AI displays bias and inflexibility in civility detection, study finds

According to a 2019 Pew Center survey, the majority of respondents believe the tone and nature of political debate in the U.S. have become more negative and less respectful. This observation has motivated scientists to study the civility or lack thereof in political discourse, particularly on broadcast television. Given their ability to parse language at scale, one might assume that AI and machine learning systems might be able to aid in these efforts. But researchers at the University of Pennsylvania find that at least one tool, Jigsaw's Perspective API, clearly isn't up to the task.

Incivility is more subtle and nuanced than toxicity, for example, which includes identity slurs, profanity, and threats of violence. While incivility detection is a well-established task in AI, it's not well-standardized, with the degree and type of incivility varying across datasets.

The researchers studied Perspective -- an AI-powered API for content moderation developed by Jigsaw, the organization working under Google parent company Alphabet to tackle cyberbullying and disinformation -- in part because of its widespread use. Media organizations including the New York Times, Vox Media, OpenWeb, and Disqus have adopted it, and it's now processing 500 million requests daily.

To benchmark Perspective's ability to spot incivility, the researchers built a corpus containing 51 transcripts from PBS NewsHour, MSNBC's The Rachel Maddow Show, and Hannity from Fox News. Annotators read through each transcript and identified segments that appeared to be especially uncivil or civil, rating them on a ten-point scale for measures like "polite/rude," "friendly/hostile," "cooperative/quarrelsome," and "calm/agitated." Scores and selections across annotators were composited to net a civility score for each snippet between 1 and 10, where 1 is the most civil and 10 is the least civil possible.

After running the annotated transcript snippets through the Perspective API, the researchers found that the API wasn't sensitive enough to detect differences in levels of incivility for ratings lower than six. Perspective scores increased for higher levels of incivility, but annotator and Perspective incivility scores only agreed 51% of the time.

"Overall, for broadcast news, Perspective cannot reproduce the incivility perception of people," the researchers write. "In addition to the inability to detect sarcasm and snark, there seems to be a problem with over-prediction of the incivility in PBS and FOX [programming]."
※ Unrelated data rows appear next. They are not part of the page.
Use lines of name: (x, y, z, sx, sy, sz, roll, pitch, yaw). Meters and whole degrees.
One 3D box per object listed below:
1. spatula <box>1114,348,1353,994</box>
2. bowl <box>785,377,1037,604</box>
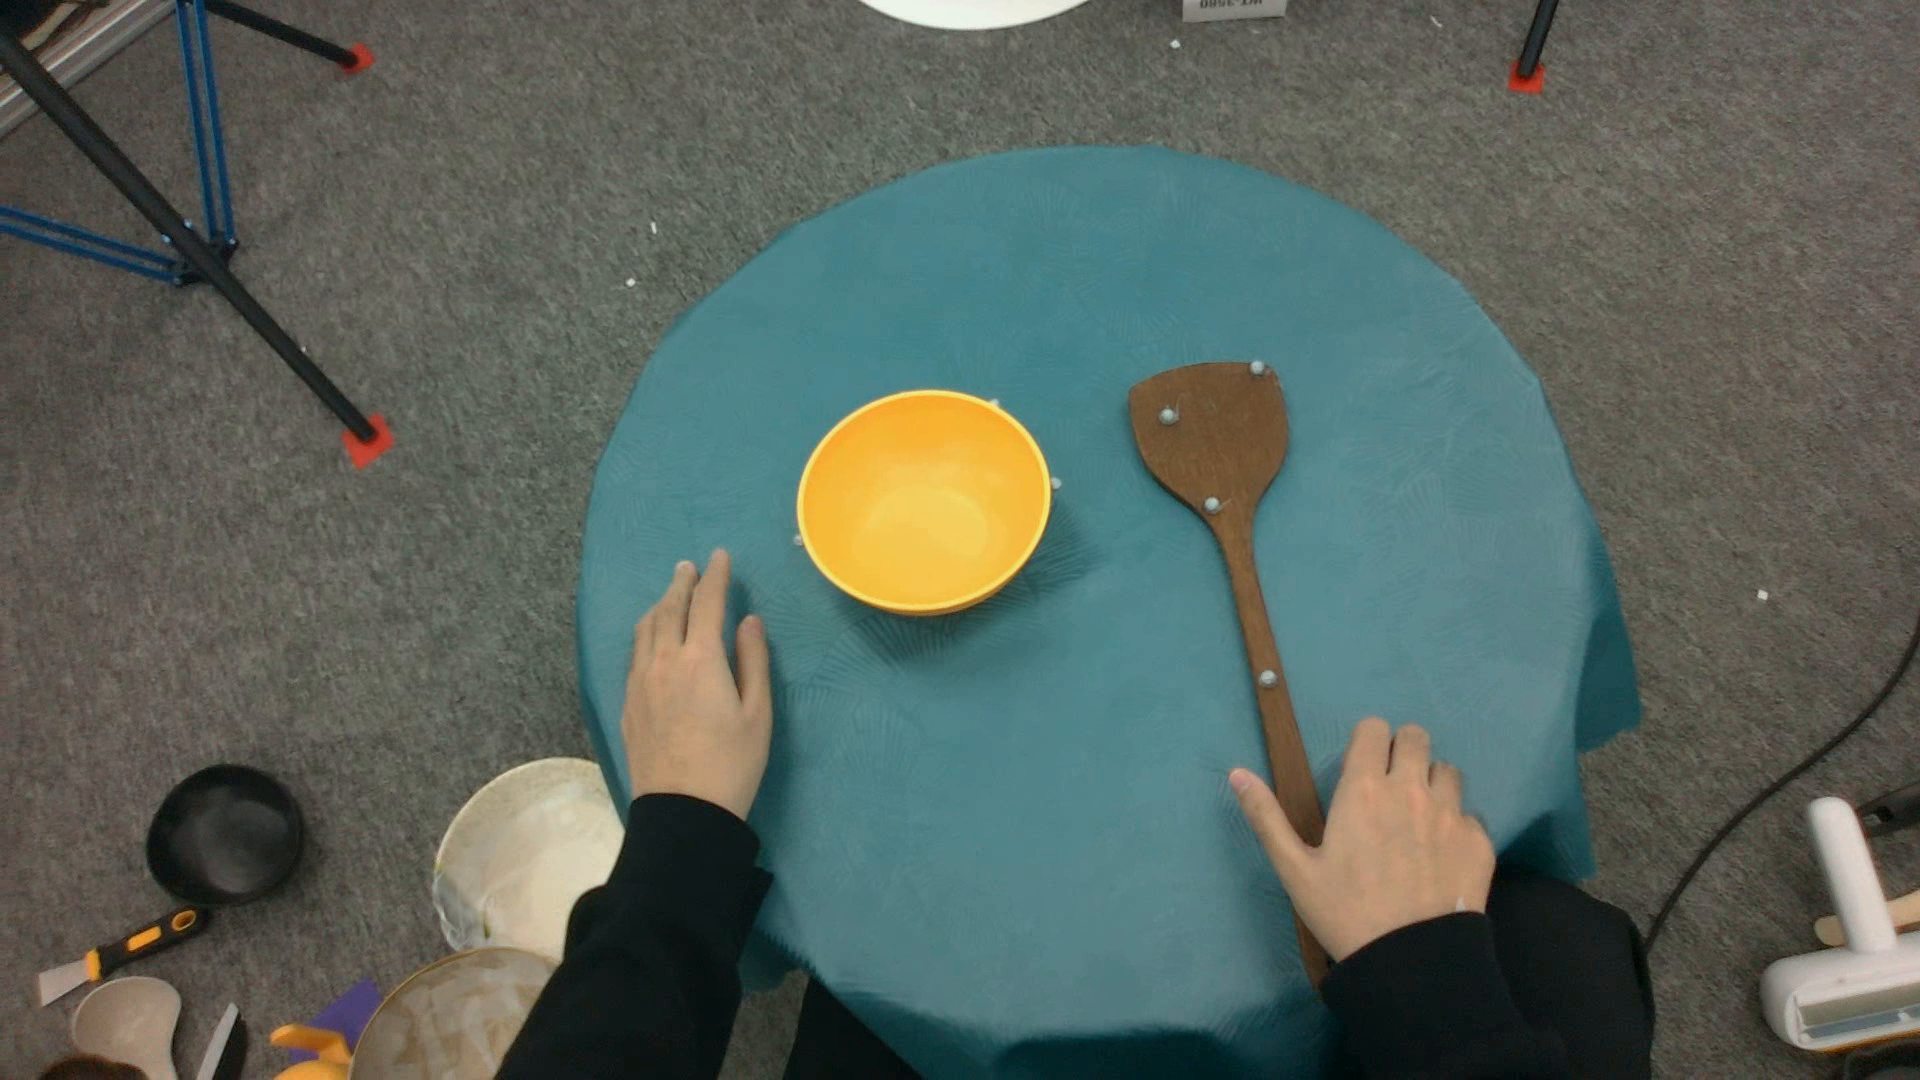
spatula: (0.161, 0.053, 0.769, 0.096, 0.016, 0.387, -8, 62, 2)
bowl: (-0.025, -0.020, 0.802, 0.145, 0.060, 0.146, -3, 63, 6)

In a subsequent test, the researchers sampled thousands of words from each transcript, gathering a total of 2,671, which they fed to Perspective to predict incivility. The results show a problematic trend: Perspective tends to label certain identities -- including "gay," "African-American," "Muslim" and "Islam," "Jew," "women," and "feminism" and "feminist" -- as toxic. Moreover, the API erroneously flags words relating to violence and death (e.g., "die," "kill," "shooting," "prostitution," "pornography," "sexual") even in the absence of incivility, as well as words that in one context could be toxic but in another could refer to a name (e.g., "Dick").

Other auditors have claimed that Perspective doesn't moderate hate and toxic speech equally across groups of people. A study published by researchers at the University of Oxford, the Alan Turing Institute, Utrecht University, and the University of Sheffield found that the Perspective API particularly struggles with denouncements of hate that quote others' hate speech or make direct references to it. An earlier University of Washington study published in 2019 found that Perspective was more likely to label "Black-aligned English" offensive versus "white-aligned English."

For its part, Jigsaw recently told VentureBeat that it has made and continues to make progress toward mitigating the biases in its models.

The researchers say that their work highlights the shortcomings of AI when applied to the task of civility detection. While they believe that prejudices against groups like Muslims and African Americans can be lessened through "data-driven" techniques, they expect that correctly classifying edge cases like sarcasm will require the development of new systems.

"The work we presented was motivated by the desire to apply off-the-shelf methods for toxicity prediction to analyse civility in American news. These methods were developed to detect rude, disrespectful, or unreasonable comment that is likely to make you leave the discussion in an online forum," the coauthors wrote. "We find that Perspective's inability to differentiate levels of incivility is partly due to the spurious correlations it has formed between certain non-offensive words and incivility. Many of these words are identity-related. Our work will facilitate future research efforts on debiasing of automated predictions."